2019-04-11 20:38:40,530 - LoaderQuickSetup - DEBUG - Ended query to bq [8s, 0.0$]
2019-04-11 20:38:40,531 - LoaderQuickSetup - DEBUG - Starting bq to gs...
2019-04-11 20:38:46,004 - LoaderQuickSetup - DEBUG - Ended bq to gs [5s]
2019-04-11 20:38:46,006 - LoaderQuickSetup - DEBUG - Starting gs to local...
2019-04-11 20:38:47,118 - LoaderQuickSetup - DEBUG - Ended gs to local [1s]
2019-04-11 20:38:47,120 - LoaderQuickSetup - DEBUG - Starting local to dataframe...
2019-04-11 20:38:50,836 - LoaderQuickSetup - DEBUG - Ended local to dataframe [3s]
CPU times: user 4.43 s, sys: 492 ms, total: 4.93 s
Wall time: 19.8 s
Upload¶
[11]:
N = 16*10**6
df = pandas.DataFrame({'a': ['Hello, ']*N, 'b': ['World!']*N})
[12]:
%%time
# you may need to install pyarrow (pip install pyarrow)
# for this to work.
bq_client.load_table_from_dataframe(dataframe=df, destination=table_ref).result()
CPU times: user 2.51 s, sys: 368 ms, total: 2.88 s
Wall time: 1min 30s
[12]:
<google.cloud.bigquery.job.LoadJob at 0x7f3f78a774a8>
[13]:
%%time
df = gpl.load(source='dataframe', destination='bq', data_name='s1', dataframe=df)
2019-04-11 20:40:24,349 - LoaderQuickSetup - DEBUG - Starting dataframe to local...
2019-04-11 20:40:41,306 - LoaderQuickSetup - DEBUG - Ended dataframe to local [16s]

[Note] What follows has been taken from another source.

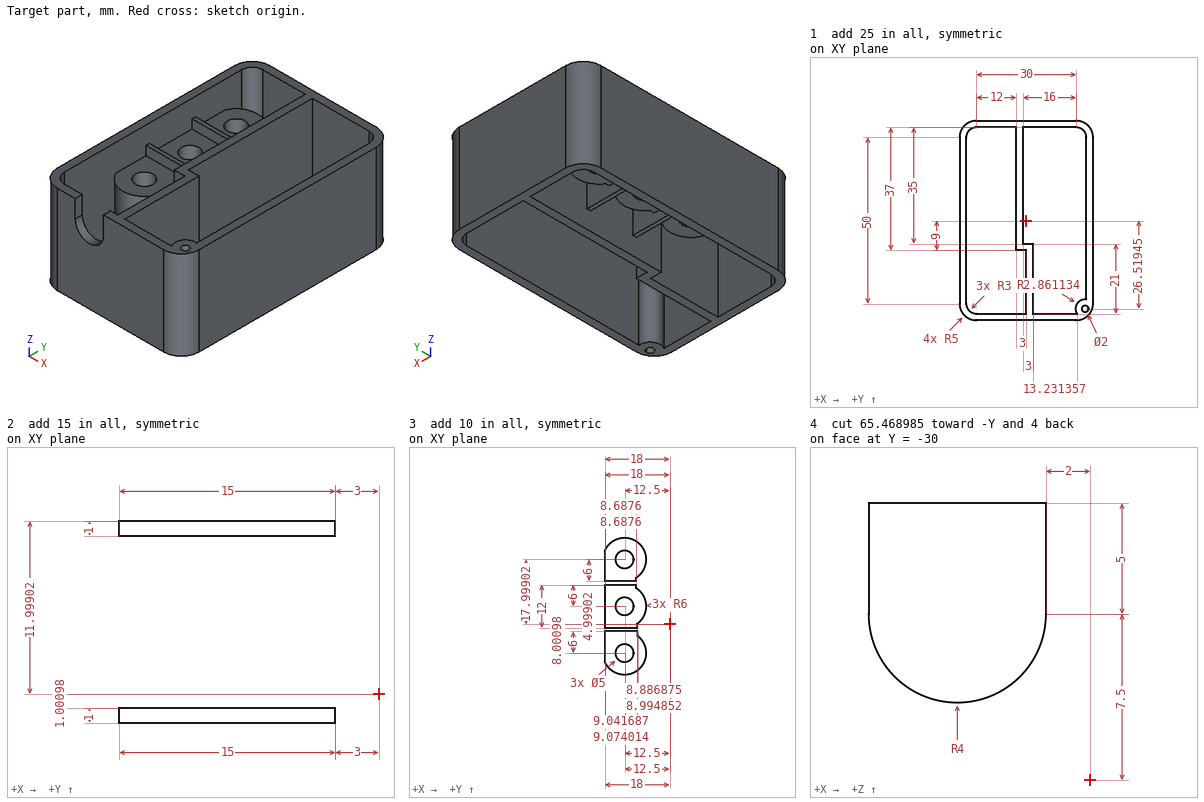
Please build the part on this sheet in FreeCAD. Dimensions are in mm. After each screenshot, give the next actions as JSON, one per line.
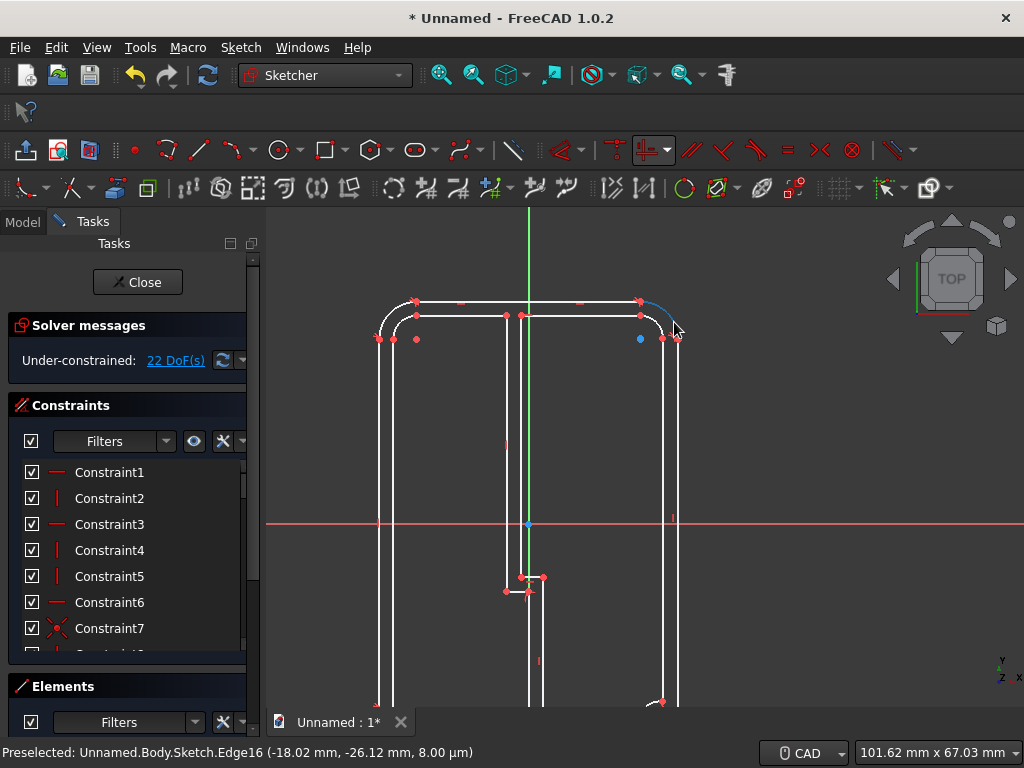
{"action": "left_click", "coordinate": [674, 322]}

2019-04-11 20:40:41,306 - LoaderQuickSetup - DEBUG - Starting local to gs...
2019-04-11 20:40:41,788 - LoaderQuickSetup - DEBUG - Ended local to gs [0s]

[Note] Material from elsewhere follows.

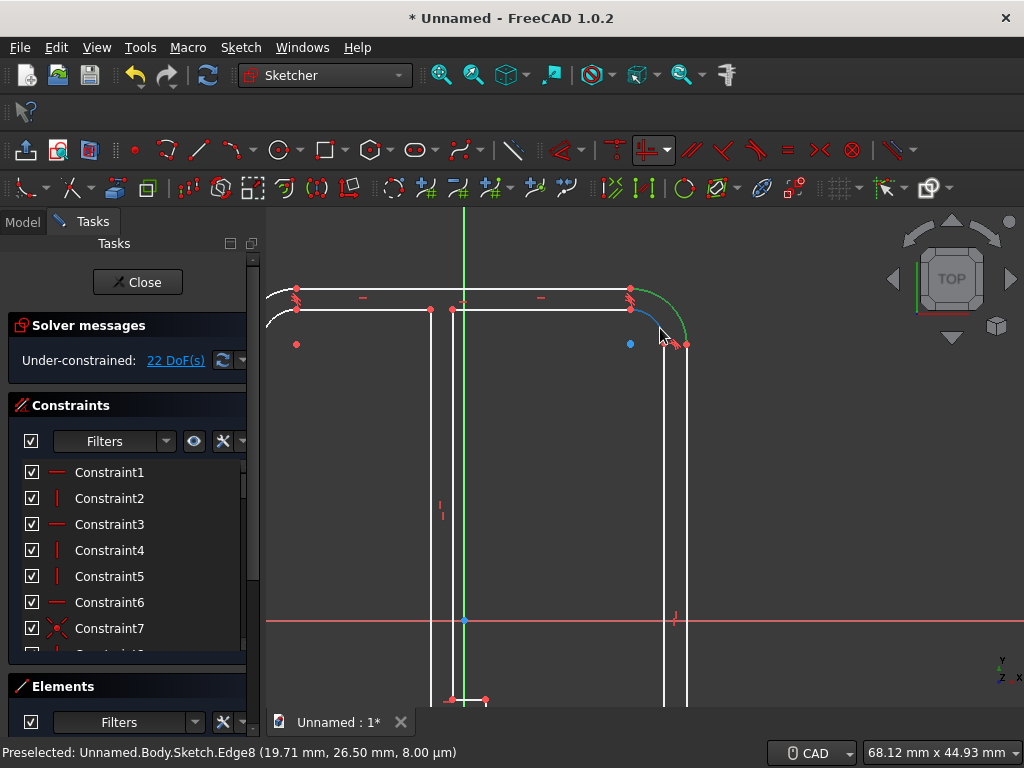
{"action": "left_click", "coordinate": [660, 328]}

2019-04-11 20:40:41,789 - LoaderQuickSetup - DEBUG - Starting gs to bq...
2019-04-11 20:41:09,435 - LoaderQuickSetup - DEBUG - Ended gs to bq [27s]
CPU times: user 17.3 s, sys: 120 ms, total: 17.5 s
Wall time: 45.4 s
Conclusion¶
The google_pandas_load.Loader.load() method executes faster downloads and faster uploads than those executed by the built-in methods from Python Client for Google BigQuery.
Looking at the basic mechanism, one could think that the use of the local folder diminishes the number of network calls, and thus it speeds up data transfers.